### [Instructions to follow]
Skip the pictures. Retype exactly, and only, the lines between the line holding "Answer in this" and the last line below, inclusive.

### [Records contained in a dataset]
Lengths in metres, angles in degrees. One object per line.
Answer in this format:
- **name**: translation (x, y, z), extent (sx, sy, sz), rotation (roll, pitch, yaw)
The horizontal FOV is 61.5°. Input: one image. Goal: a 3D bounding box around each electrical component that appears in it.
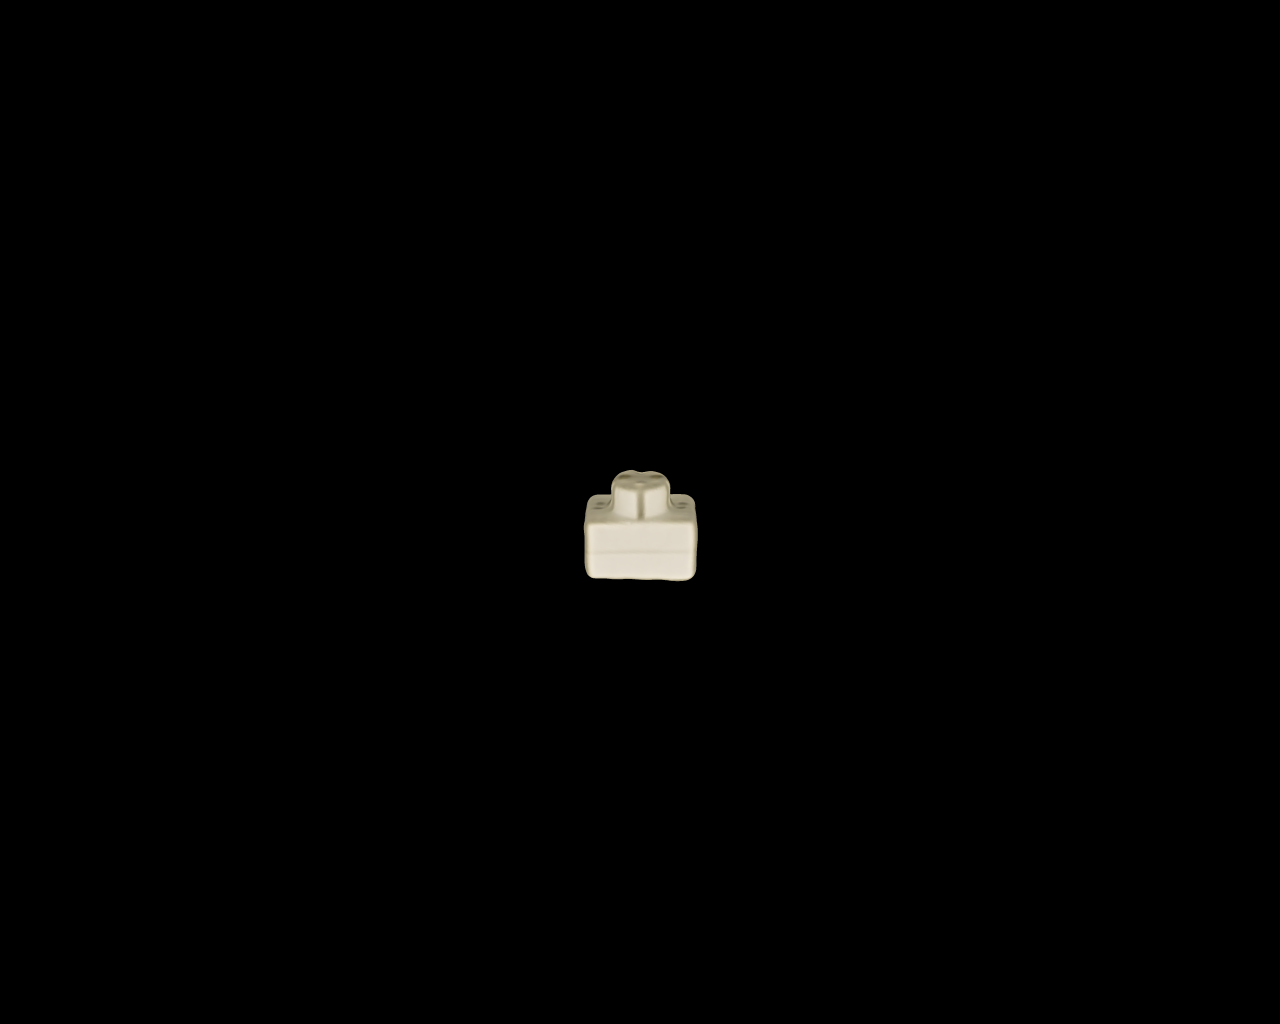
- **electrical component**: translation (0.001, -0.003, 0.650), extent (0.066, 0.076, 0.047), rotation (0, 21, 0)

### [Output for this task]
Answer in this format:
- **name**: translation (x, y, z), extent (sx, sy, sz), rotation (roll, pitch, yaw)
The horizontal FOV is 61.5°. Input: one image. Goal: a 3D bounding box around each electrical component that appears in it.
- **electrical component**: translation (0.001, -0.003, 0.650), extent (0.066, 0.076, 0.047), rotation (0, 21, 0)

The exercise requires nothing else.